To further characterize ribosome P stalk-dependent GCN2 activation, we compared experimentally accessible enzymatic features of GCN2 alone with those of a compound enzyme constituted of GCN2 and ribosomes. At physiological substrate concentrations of 2 µM eIF2α (Chen et al., 2015), the approximately 10-fold increase in the rate of GCN2-dependent eIF2α phosphorylation brought about by the presence of wildtype ribosomes (Figure 5C) could be mimicked by a 10-fold increase in the concentration of GCN2 in in vitro reactions without ribosomes. However, the relationship between reaction velocity and substrate concentration proved very different when comparing GCN2 (2.5 nM) with ribosomes (50 nM) to GCN2 alone (at 25 nM). While the former reaction saturates at less than 50 μM (substrate Km of ~7.8 µM (95% confidence 5.2–10.4 µM) and a Vmax of 130 min−1 (95% confidence 116–140 min−1)) the latter reaction was not saturated with substrate concentrations attainable experimentally (Figure 6B and C). The kinetic properties of GCN2, reacted with ribosomes from the mutant Rplp0/Rplp1m29-132 cells, resembled GCN2 alone, establishing a role for the P-stalk in this shift in the enzymatic properties of the kinase (Figure 6—figure supplement 1A and B).

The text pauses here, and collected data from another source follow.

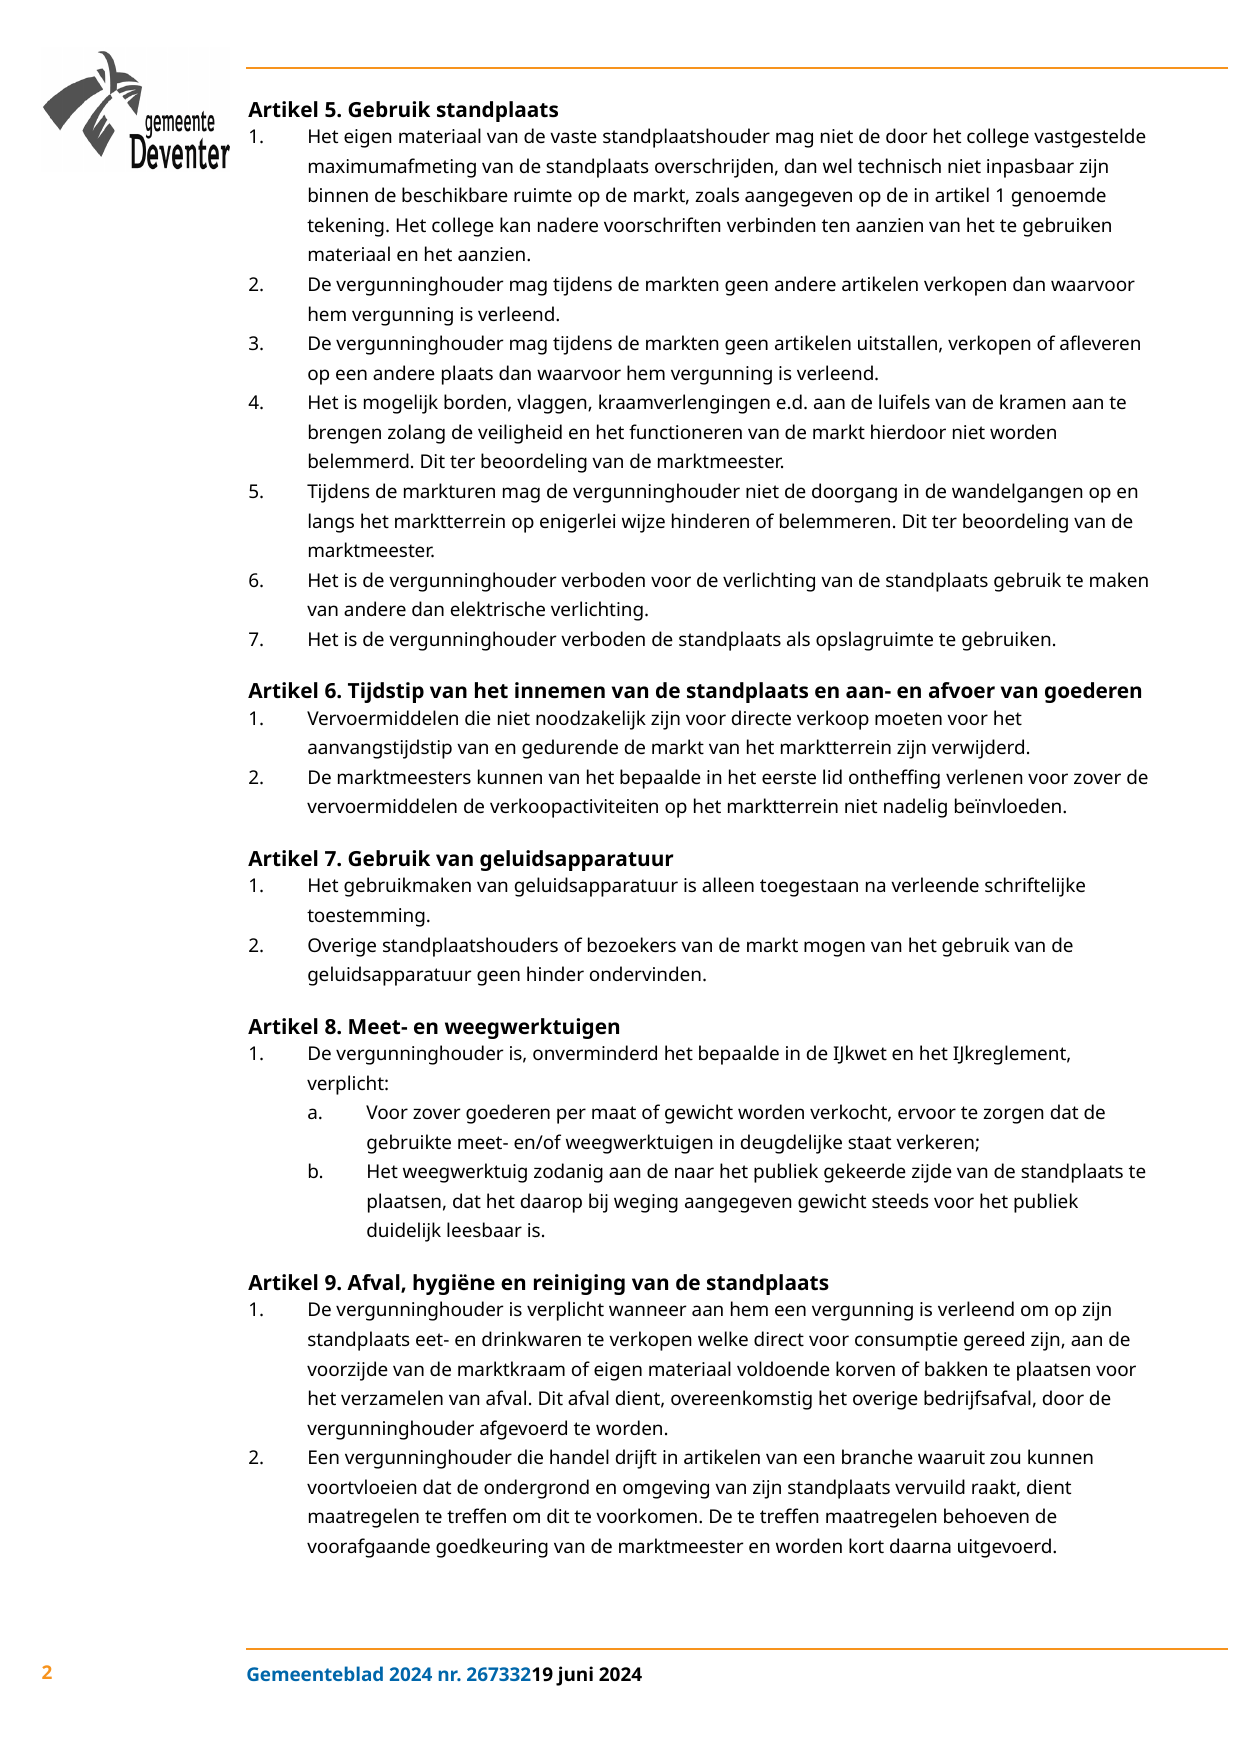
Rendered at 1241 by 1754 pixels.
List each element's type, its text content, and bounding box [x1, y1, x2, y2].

list Het is mogelijk borden, vlaggen, kraamverlengingen e.d. aan de luifels van de kramen aan te brengen zolang de veiligheid en het functioneren van de markt hierdoor niet worden belemmerd. Dit ter beoordeling van de marktmeester. [248, 389, 1152, 474]
list Een vergunninghouder die handel drijft in artikelen van een branche waaruit zou kunnen voortvloeien dat de ondergrond en omgeving van zijn standplaats vervuild raakt, dient maatregelen te treffen om dit te voorkomen. De te treffen maatregelen behoeven de voorafgaande goedkeuring van de marktmeester en worden kort daarna uitgevoerd. [248, 1444, 1152, 1559]
list Voor zover goederen per maat of gewicht worden verkocht, ervoor te zorgen dat de gebruikte meet- en/of weegwerktuigen in deugdelijke staat verkeren; [307, 1099, 1152, 1155]
text Artikel 6. Tijdstip van het innemen van de standplaats en aan- en afvoer van goederen [248, 677, 1152, 705]
text Artikel 8. Meet- en weegwerktuigen [248, 1012, 1152, 1040]
text Artikel 9. Afval, hygiëne en reiniging van de standplaats [248, 1268, 1152, 1297]
list De vergunninghouder is, onverminderd het bepaalde in de IJkwet en het IJkreglement, verplicht: [248, 1040, 1152, 1096]
list Vervoermiddelen die niet noodzakelijk zijn voor directe verkoop moeten voor het aanvangstijdstip van en gedurende de markt van het marktterrein zijn verwijderd. [248, 705, 1152, 760]
list Tijdens de markturen mag de vergunninghouder niet de doorgang in de wandelgangen op en langs het marktterrein op enigerlei wijze hinderen of belemmeren. Dit ter beoordeling van de marktmeester. [248, 478, 1152, 563]
list Overige standplaatshouders of bezoekers van de markt mogen van het gebruik van de geluidsapparatuur geen hinder ondervinden. [248, 932, 1152, 987]
list Het eigen materiaal van de vaste standplaatshouder mag niet de door het college vastgestelde maximumafmeting van de standplaats overschrijden, dan wel technisch niet inpasbaar zijn binnen de beschikbare ruimte op de markt, zoals aangegeven op de in artikel 1 genoemde tekening. Het college kan nadere voorschriften verbinden ten aanzien van het te gebruiken materiaal en het aanzien. [248, 123, 1152, 267]
list Het weegwerktuig zodanig aan de naar het publiek gekeerde zijde van de standplaats te plaatsen, dat het daarop bij weging aangegeven gewicht steeds voor het publiek duidelijk leesbaar is. [307, 1158, 1152, 1243]
text Artikel 7. Gebruik van geluidsapparatuur [248, 844, 1152, 873]
picture [41, 47, 231, 172]
list Het is de vergunninghouder verboden voor de verlichting van de standplaats gebruik te maken van andere dan elektrische verlichting. [248, 567, 1152, 622]
list Het gebruikmaken van geluidsapparatuur is alleen toegestaan na verleende schriftelijke toestemming. [248, 873, 1152, 928]
list De vergunninghouder mag tijdens de markten geen andere artikelen verkopen dan waarvoor hem vergunning is verleend. [248, 271, 1152, 326]
list Het is de vergunninghouder verboden de standplaats als opslagruimte te gebruiken. [248, 626, 1152, 652]
list De vergunninghouder mag tijdens de markten geen artikelen uitstallen, verkopen of afleveren op een andere plaats dan waarvoor hem vergunning is verleend. [248, 330, 1152, 386]
text Artikel 5. Gebruik standplaats [248, 95, 1152, 123]
list De vergunninghouder is verplicht wanneer aan hem een vergunning is verleend om op zijn standplaats eet- en drinkwaren te verkopen welke direct voor consumptie gereed zijn, aan de voorzijde van de marktkraam of eigen materiaal voldoende korven of bakken te plaatsen voor het verzamelen van afval. Dit afval dient, overeenkomstig het overige bedrijfsafval, door de vergunninghouder afgevoerd te worden. [248, 1297, 1152, 1441]
list De marktmeesters kunnen van het bepaalde in het eerste lid ontheffing verlenen voor zover de vervoermiddelen de verkoopactiviteiten op het marktterrein niet nadelig beïnvloeden. [248, 764, 1152, 819]

In keeping with recent observation (Inglis, 2018 and Inglis et al., 2019), we also noted that ribosome-mediated potentiation of GCN2’s eIF2α-directed kinase activity was not associated with a consistent difference in the known GCN2 auto-activation mark, phosphorylation of activation-loop residue Thr899 (Romano et al., 1998) (Figure 6D). It is noteworthy that in vitro, ribosomes promote GCN2 phosphorylation on residues other than threonine 899 (Inglis, 2018). Unfortunately the antiserum directed towards human GCN2 pThr899 used here fails to recognise the hamster protein, thus we are unable to ascertain if the defect in GCN2 phosphorylation observed in amino acid deprived, P-stalk mutant cells (Figure 3D and E and Figure 3—figure supplement 1) encompasses that residue. However, given that the phos-tag gels report on multiple phosphorylation events in the amino acid deprived wildtype cells that are absent from P-stalk mutant cells, it seems reasonable to conclude that the ribosome-mediated signal also results in phosphorylating events other than pThr899 in vivo. Their relationship to GCN2’s activity as an eIF2α kinase remains to be determined. Together with the altered kinetics of the ribosome-associated enzyme, these features suggest a ribosome-dependent process extending beyond activation-loop autophosphorylation.
Discussion
The correlation, established here, between a selective defect in GCN2-mediated ISR activation in cells with genetic lesions to their P-stalk and a defect in ability of their ribosomes to activate GCN2 in vitro implicates the P-stalk in propagating a signal from ribosomes perturbed by amino acid starvation to GCN2. This finding bridges recent genetic and cell biological observations implicating stalled ribosomes in GCN2 activation (Ishimura et al., 2016; Darnell et al., 2018) with biochemical evidence that the ribosome P-stalk can activate GCN2 in vitro (Jiménez-Díaz et al., 2013; Inglis et al., 2019), establishing that the in vitro observation, suggestive of a role for the ribosome in GCN2 activation, relate to a process required for GCN2 activation by amino acid starvation in cells.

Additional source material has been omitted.